--- DATA SUPPLIED ---

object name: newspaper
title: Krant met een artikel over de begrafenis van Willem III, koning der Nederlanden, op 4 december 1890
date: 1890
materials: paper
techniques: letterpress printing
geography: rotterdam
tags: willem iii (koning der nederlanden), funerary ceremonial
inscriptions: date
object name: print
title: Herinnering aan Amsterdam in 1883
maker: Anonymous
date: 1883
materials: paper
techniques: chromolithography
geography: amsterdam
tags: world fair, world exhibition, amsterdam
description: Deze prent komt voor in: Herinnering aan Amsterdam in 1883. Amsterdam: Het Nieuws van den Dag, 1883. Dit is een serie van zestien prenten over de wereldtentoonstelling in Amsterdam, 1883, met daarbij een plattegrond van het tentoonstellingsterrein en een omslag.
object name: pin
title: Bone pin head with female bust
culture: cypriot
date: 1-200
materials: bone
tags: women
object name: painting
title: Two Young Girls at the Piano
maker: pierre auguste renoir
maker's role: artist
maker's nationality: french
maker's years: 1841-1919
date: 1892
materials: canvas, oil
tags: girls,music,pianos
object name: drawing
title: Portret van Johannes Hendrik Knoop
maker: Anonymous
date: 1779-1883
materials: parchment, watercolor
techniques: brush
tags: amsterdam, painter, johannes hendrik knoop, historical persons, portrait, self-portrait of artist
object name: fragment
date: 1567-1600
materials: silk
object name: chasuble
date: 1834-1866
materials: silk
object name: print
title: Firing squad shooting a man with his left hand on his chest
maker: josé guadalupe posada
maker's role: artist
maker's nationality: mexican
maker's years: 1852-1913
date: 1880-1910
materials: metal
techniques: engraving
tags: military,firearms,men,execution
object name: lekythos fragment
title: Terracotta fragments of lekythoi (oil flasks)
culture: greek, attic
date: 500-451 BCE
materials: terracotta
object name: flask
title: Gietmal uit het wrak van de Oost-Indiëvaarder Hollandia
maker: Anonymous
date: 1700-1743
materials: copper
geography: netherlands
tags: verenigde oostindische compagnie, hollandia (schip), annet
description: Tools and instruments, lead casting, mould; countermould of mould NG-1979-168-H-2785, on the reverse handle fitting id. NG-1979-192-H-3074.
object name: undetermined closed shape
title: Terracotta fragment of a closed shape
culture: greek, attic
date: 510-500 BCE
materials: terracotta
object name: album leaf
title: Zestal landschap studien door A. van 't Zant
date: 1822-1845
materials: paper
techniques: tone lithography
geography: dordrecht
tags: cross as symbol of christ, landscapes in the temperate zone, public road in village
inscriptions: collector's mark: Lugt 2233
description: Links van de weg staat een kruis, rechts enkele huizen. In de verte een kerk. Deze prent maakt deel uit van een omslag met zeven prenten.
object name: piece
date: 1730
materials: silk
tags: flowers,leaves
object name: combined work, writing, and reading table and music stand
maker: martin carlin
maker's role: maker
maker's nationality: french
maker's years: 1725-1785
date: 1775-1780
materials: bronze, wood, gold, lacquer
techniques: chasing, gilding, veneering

---

- WHAT IS EXPECTED -
Every entry needs to be retyped exactly.

- RESPONSE -
object name: newspaper
title: Krant met een artikel over de begrafenis van Willem III, koning der Nederlanden, op 4 december 1890
date: 1890
materials: paper
techniques: letterpress printing
geography: rotterdam
tags: willem iii (koning der nederlanden), funerary ceremonial
inscriptions: date
object name: print
title: Herinnering aan Amsterdam in 1883
maker: Anonymous
date: 1883
materials: paper
techniques: chromolithography
geography: amsterdam
tags: world fair, world exhibition, amsterdam
description: Deze prent komt voor in: Herinnering aan Amsterdam in 1883. Amsterdam: Het Nieuws van den Dag, 1883. Dit is een serie van zestien prenten over de wereldtentoonstelling in Amsterdam, 1883, met daarbij een plattegrond van het tentoonstellingsterrein en een omslag.
object name: pin
title: Bone pin head with female bust
culture: cypriot
date: 1-200
materials: bone
tags: women
object name: painting
title: Two Young Girls at the Piano
maker: pierre auguste renoir
maker's role: artist
maker's nationality: french
maker's years: 1841-1919
date: 1892
materials: canvas, oil
tags: girls,music,pianos
object name: drawing
title: Portret van Johannes Hendrik Knoop
maker: Anonymous
date: 1779-1883
materials: parchment, watercolor
techniques: brush
tags: amsterdam, painter, johannes hendrik knoop, historical persons, portrait, self-portrait of artist
object name: fragment
date: 1567-1600
materials: silk
object name: chasuble
date: 1834-1866
materials: silk
object name: print
title: Firing squad shooting a man with his left hand on his chest
maker: josé guadalupe posada
maker's role: artist
maker's nationality: mexican
maker's years: 1852-1913
date: 1880-1910
materials: metal
techniques: engraving
tags: military,firearms,men,execution
object name: lekythos fragment
title: Terracotta fragments of lekythoi (oil flasks)
culture: greek, attic
date: 500-451 BCE
materials: terracotta
object name: flask
title: Gietmal uit het wrak van de Oost-Indiëvaarder Hollandia
maker: Anonymous
date: 1700-1743
materials: copper
geography: netherlands
tags: verenigde oostindische compagnie, hollandia (schip), annet
description: Tools and instruments, lead casting, mould; countermould of mould NG-1979-168-H-2785, on the reverse handle fitting id. NG-1979-192-H-3074.
object name: undetermined closed shape
title: Terracotta fragment of a closed shape
culture: greek, attic
date: 510-500 BCE
materials: terracotta
object name: album leaf
title: Zestal landschap studien door A. van 't Zant
date: 1822-1845
materials: paper
techniques: tone lithography
geography: dordrecht
tags: cross as symbol of christ, landscapes in the temperate zone, public road in village
inscriptions: collector's mark: Lugt 2233
description: Links van de weg staat een kruis, rechts enkele huizen. In de verte een kerk. Deze prent maakt deel uit van een omslag met zeven prenten.
object name: piece
date: 1730
materials: silk
tags: flowers,leaves
object name: combined work, writing, and reading table and music stand
maker: martin carlin
maker's role: maker
maker's nationality: french
maker's years: 1725-1785
date: 1775-1780
materials: bronze, wood, gold, lacquer
techniques: chasing, gilding, veneering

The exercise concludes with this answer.